Beckham: I’ll be honest with you: Most of my success is due to my good looks. If I didn’t look like a model, would anyone really give a crap about me?
Kirk: I agree with that. My good looks made me an effective leader and allowed me to have sex with women of all sorts of alien races.
Yzerman: But you don’t have to be good looking. In Canada, I’m still considered a sex symbol, eh?
Beckham: You play hockey, so expectations are lowered. In football it is a different story. I owe almost all of my fame to my handsome face, my chiseled abs, and the fact that I married a pop star.
Kirk: *laughs* A pop star?

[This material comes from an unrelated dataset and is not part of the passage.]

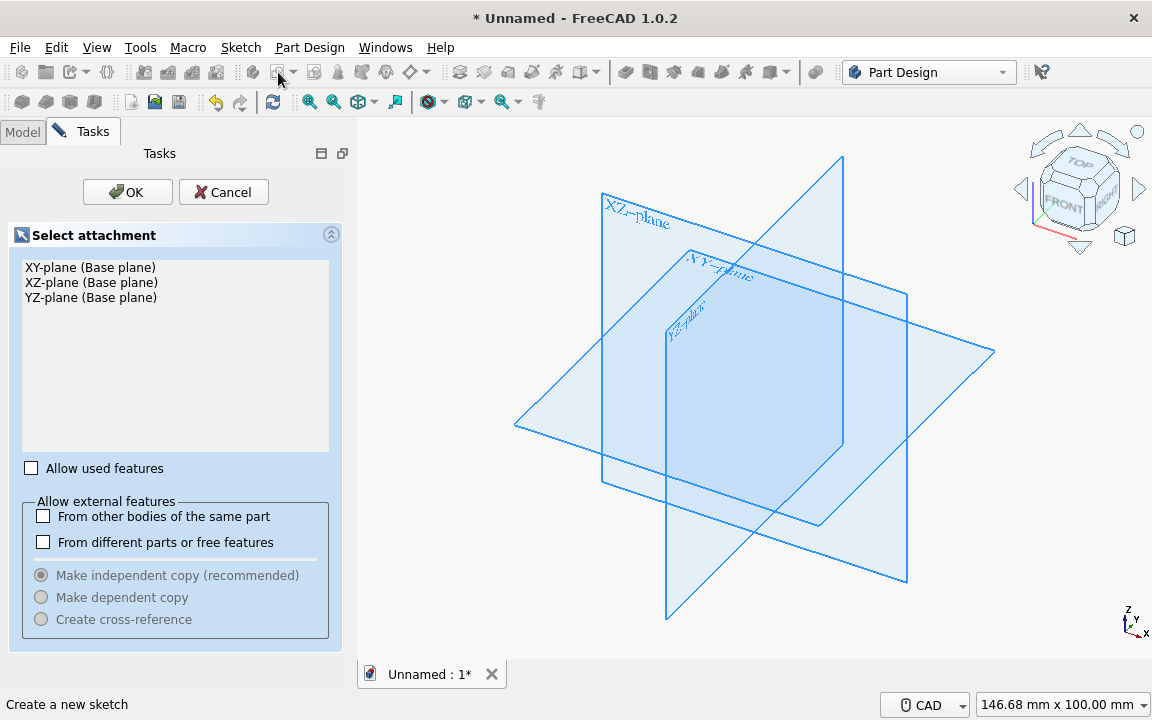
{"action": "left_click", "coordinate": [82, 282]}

I wouldn’t go quite that far.
Beckham: The Spice Girls first album went platinum eight times! How many times did The Transformed Man go platinum?
Kirk: Hey, that album was a classic. It was just before it’s time.
Crunch: I had the Spice Girls CD back in the day! Which one was your wife?Beckham: The skinny brunette with the disproportionately big rack.
Crunch: Oh. I preferred the blond one.
Yzerman: The sad thing is, the stupid Spice Girls are more famous in America than I am. And I won the Stanley Cup three times!
Beckham: Americans at least consider hockey to be a major sport. I came to the States and the sport still couldn’t draw ratings.
Yzerman: Major sport? Hardly. Maybe in places like Washington where the local teams have been so bad that they’ll jump aboard the bandwagon of any team that gives them some hope. But most of the country doesn’t give a crap.
Beckham: Well, isn’t it considered to be “cool” to like hockey?
Yzerman: Maybe back in the ’90s, eh? Hockey stopped being cool right around the same time your wife stopped being relevant. You want to know how unnoticed hockey is in the U.S? That picture up there? It isn’t even me! That’s my teammate Niklas Lidstrom. But I bet nobody reading this even noticed, eh?Beckham: I don’t get Americans. All a bunch of wankers if you ask me. Especially that Landon Donovan guy. No wonder the sport never became popular if he was considered the country’s best player.
Cutter: Let’s move on. What would you say has been your biggest challenge as a captain.
Planet: Climate change deniers. People used to love it when I showed up to save the day. These days, half the people just throw things at me and call me a tool of the liberal media.
Crunch: For me, it was when I had to stop the Soggies. They were a real menace!
Beckham: What the hell are you talking about?
Crunch: The Soggies – They’re an alien race dedicated to making cereal soggy.
Yzerman: And you stopped them? You’re like two feet tall, eh? What did you do to them, cut the roof of their mouths?
Crunch: Cap’n Crunch does not cut the roof of your mouth! Those are lies! Lies!
Kirk: The Soggies? That’s nothing. Try fighting the Borg some time.Yzerman: Wait, you never fought the Borg!
Kirk:I know, but now that my timeline was rebooted I probably will.
Planet: What was up with that whole timeline alteration thing, anyway?
Kirk: Seriously, I don’t know. It didn’t make much sense to me either. But it’s not like we should have expected logic in time travel when the movie was written by the creator of Lost.
Planet: Speaking of movies, did you hear that they’re making a movie about me?
Kirk: Dear Lord, that is going to suck so hard. Is Hollywood really that out of ideas?
Planet: Pretty much. I’m just hoping that they have Vin Diesel play me.
Beckham: I would go with Rob Schneider.
Planet: You better watch it. You don’t want to get on my bad side. I can go HAM if I want to:
Cutter: Guys, we’re running low on time. Is there anything you’d like to add?
All: Do you have –
Cutter: Keeping in mind that I already explained that I don’t have any illegal drugs with me.
Cutter: Thank you, guys. This has been quite educational.